=== PROBLEM STATEMENT ===
The lines to reproduce from the material below are those from the one containing "Answer: Private Islands, Vineyard" through the one containing "Answer: 4% Rank", both included; write them out exactly and add nothing.

[Opening THE DATA section]

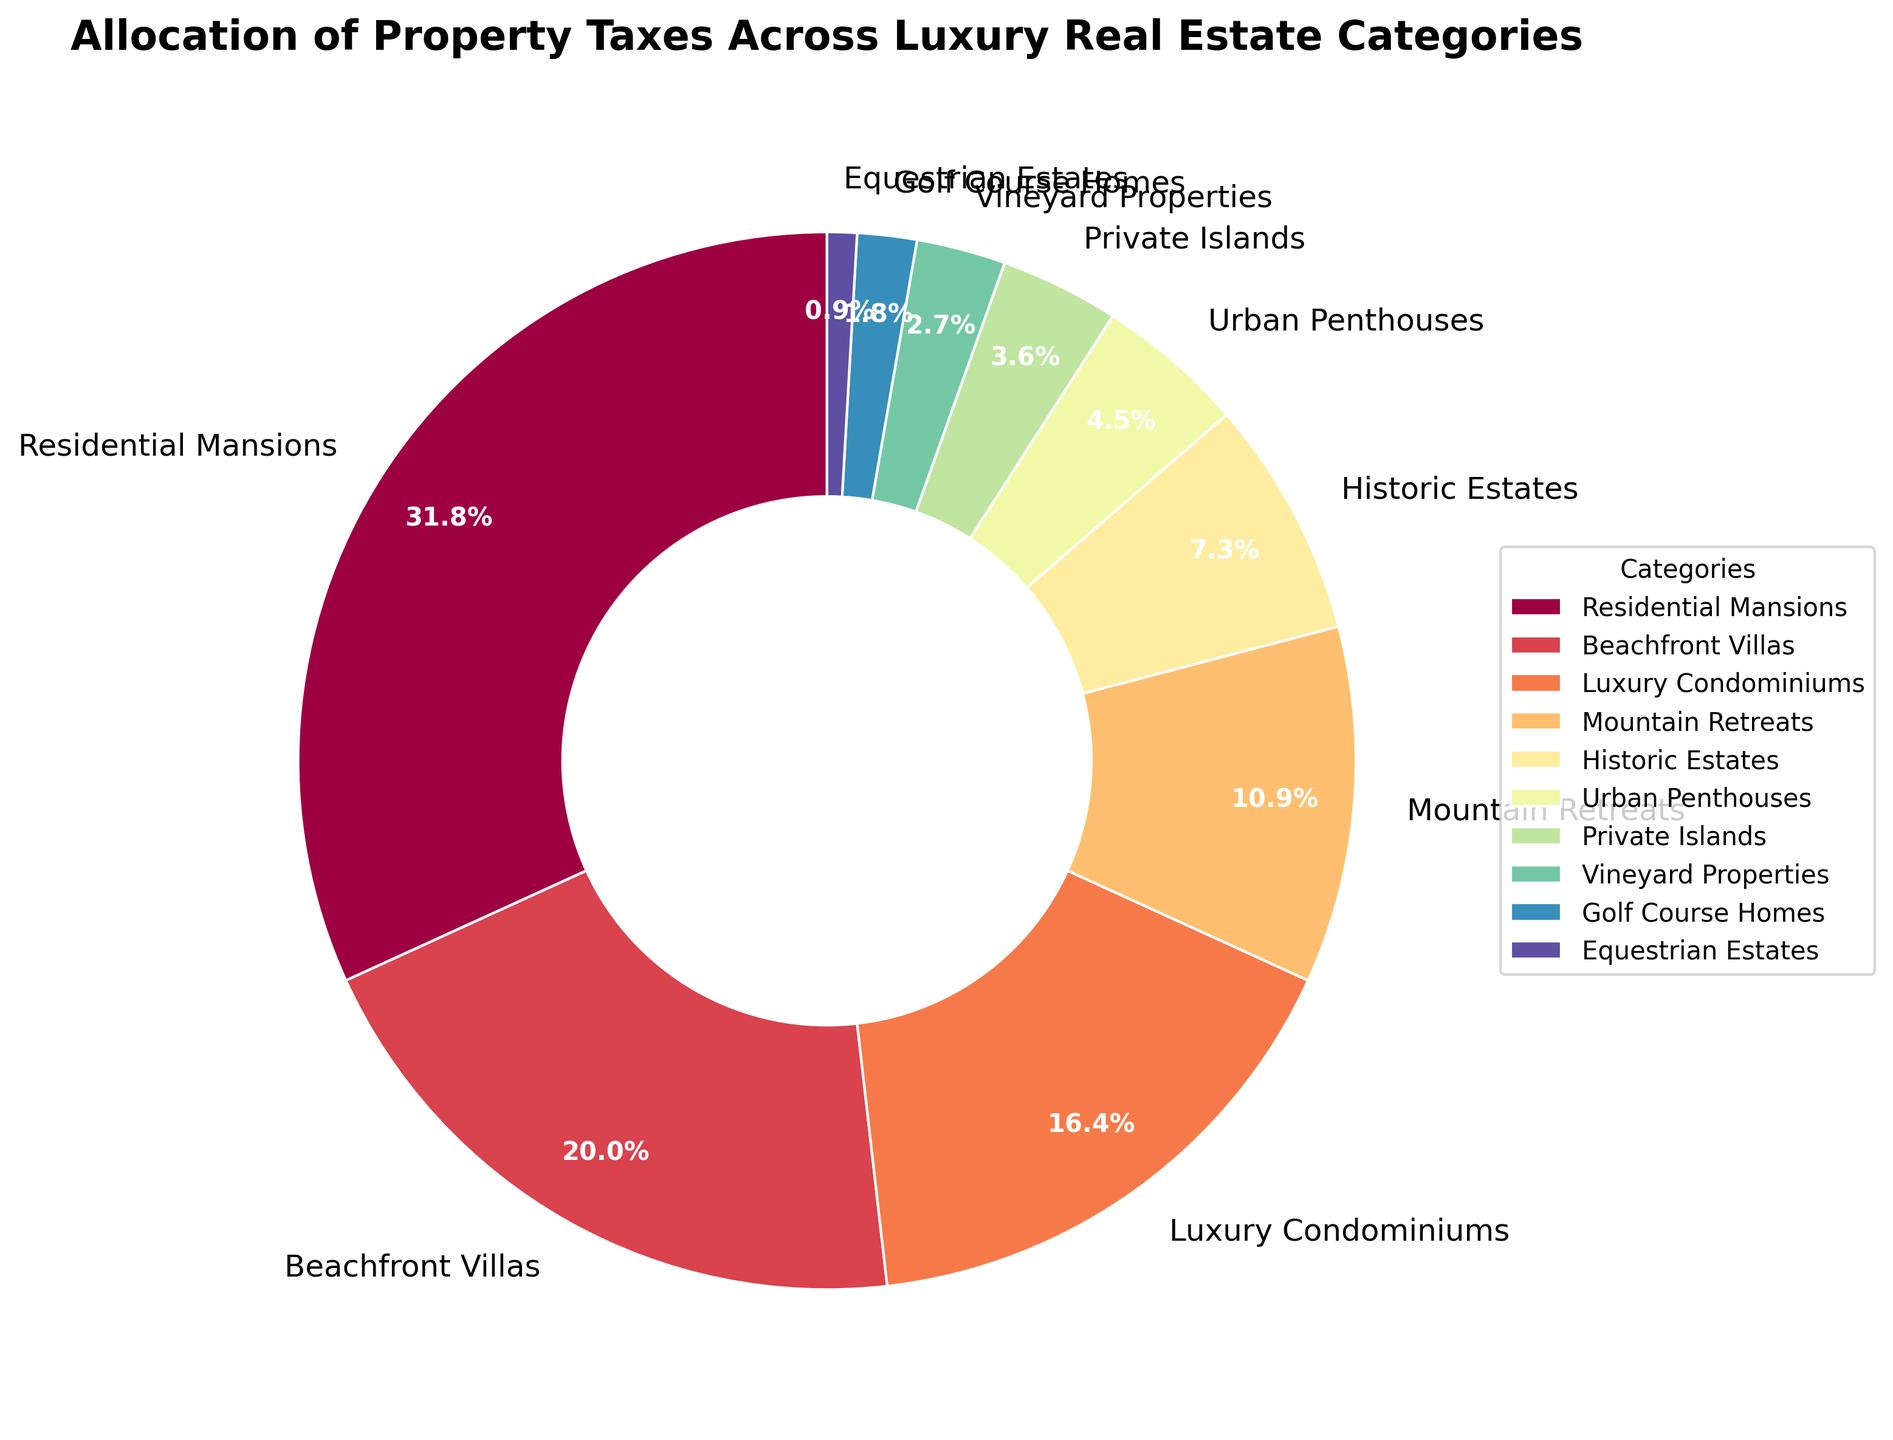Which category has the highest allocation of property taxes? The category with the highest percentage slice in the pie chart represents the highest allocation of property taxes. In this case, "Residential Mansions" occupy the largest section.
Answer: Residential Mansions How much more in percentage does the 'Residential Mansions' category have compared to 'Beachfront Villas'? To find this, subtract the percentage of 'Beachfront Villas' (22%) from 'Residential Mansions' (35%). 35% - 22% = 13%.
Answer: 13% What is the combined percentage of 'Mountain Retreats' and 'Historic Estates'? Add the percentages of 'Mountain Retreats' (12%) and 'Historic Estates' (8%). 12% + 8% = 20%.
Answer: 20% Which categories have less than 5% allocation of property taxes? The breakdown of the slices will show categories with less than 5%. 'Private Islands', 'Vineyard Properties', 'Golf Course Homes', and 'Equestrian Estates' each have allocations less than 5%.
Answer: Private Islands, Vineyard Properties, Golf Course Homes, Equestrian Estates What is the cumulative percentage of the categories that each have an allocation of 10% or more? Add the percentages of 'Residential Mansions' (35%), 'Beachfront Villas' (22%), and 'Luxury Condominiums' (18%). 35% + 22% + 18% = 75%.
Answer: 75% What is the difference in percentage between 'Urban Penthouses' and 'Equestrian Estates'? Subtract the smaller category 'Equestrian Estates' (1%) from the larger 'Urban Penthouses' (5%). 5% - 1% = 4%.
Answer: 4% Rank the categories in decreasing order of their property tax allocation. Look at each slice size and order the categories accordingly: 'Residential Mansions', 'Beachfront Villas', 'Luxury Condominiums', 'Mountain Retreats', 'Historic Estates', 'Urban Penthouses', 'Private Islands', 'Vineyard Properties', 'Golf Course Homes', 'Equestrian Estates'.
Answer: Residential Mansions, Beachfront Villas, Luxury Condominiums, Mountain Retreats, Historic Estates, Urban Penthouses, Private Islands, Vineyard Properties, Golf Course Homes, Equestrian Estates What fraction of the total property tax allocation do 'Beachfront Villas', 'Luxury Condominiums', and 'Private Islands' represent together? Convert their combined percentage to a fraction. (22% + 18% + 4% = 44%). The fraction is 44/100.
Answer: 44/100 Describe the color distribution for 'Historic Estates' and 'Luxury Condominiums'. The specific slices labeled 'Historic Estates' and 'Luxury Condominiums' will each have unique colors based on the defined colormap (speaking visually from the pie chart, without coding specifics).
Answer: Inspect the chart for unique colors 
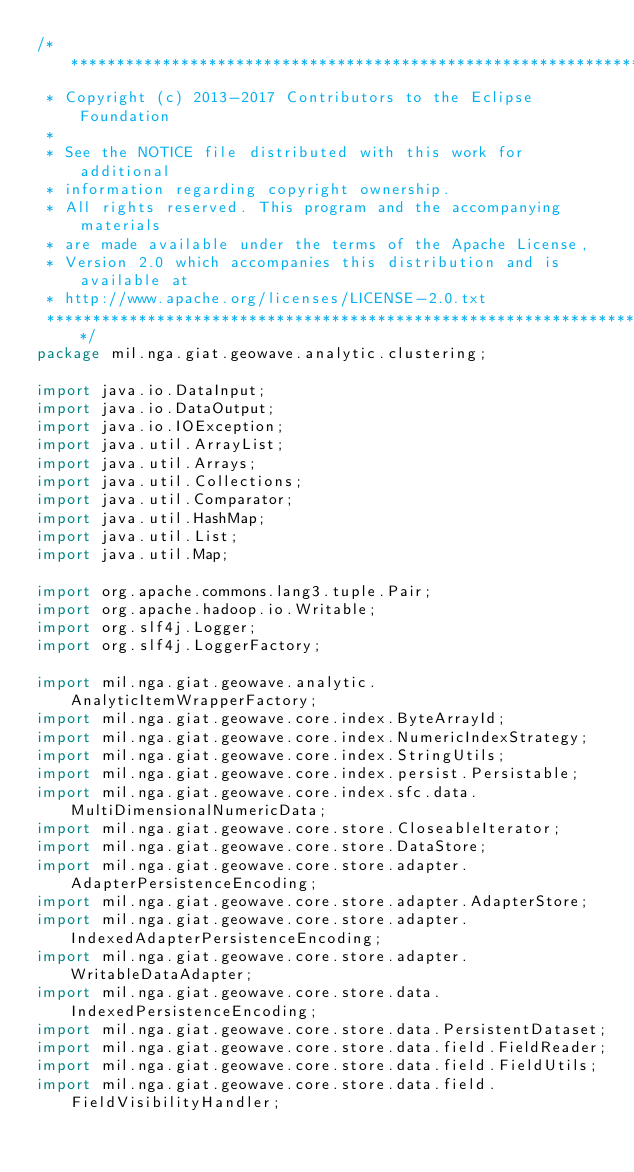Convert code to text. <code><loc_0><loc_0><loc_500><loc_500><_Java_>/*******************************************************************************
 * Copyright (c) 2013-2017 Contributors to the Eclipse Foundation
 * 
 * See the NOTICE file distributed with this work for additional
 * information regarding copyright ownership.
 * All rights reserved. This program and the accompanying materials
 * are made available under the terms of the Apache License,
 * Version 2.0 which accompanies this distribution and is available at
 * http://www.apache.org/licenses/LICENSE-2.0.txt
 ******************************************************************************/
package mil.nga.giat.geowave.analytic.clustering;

[Closing THE DATA section]

=== THE COMPLETED TASK ===
Answer: Private Islands, Vineyard Properties, Golf Course Homes, Equestrian Estates What is the cumulative percentage of the categories that each have an allocation of 10% or more? Add the percentages of 'Residential Mansions' (35%), 'Beachfront Villas' (22%), and 'Luxury Condominiums' (18%). 35% + 22% + 18% = 75%.
Answer: 75% What is the difference in percentage between 'Urban Penthouses' and 'Equestrian Estates'? Subtract the smaller category 'Equestrian Estates' (1%) from the larger 'Urban Penthouses' (5%). 5% - 1% = 4%.
Answer: 4% Rank the categories in decreasing order of their property tax allocation. Look at each slice size and order the categories accordingly: 'Residential Mansions', 'Beachfront Villas', 'Luxury Condominiums', 'Mountain Retreats', 'Historic Estates', 'Urban Penthouses', 'Private Islands', 'Vineyard Properties', 'Golf Course Homes', 'Equestrian Estates'.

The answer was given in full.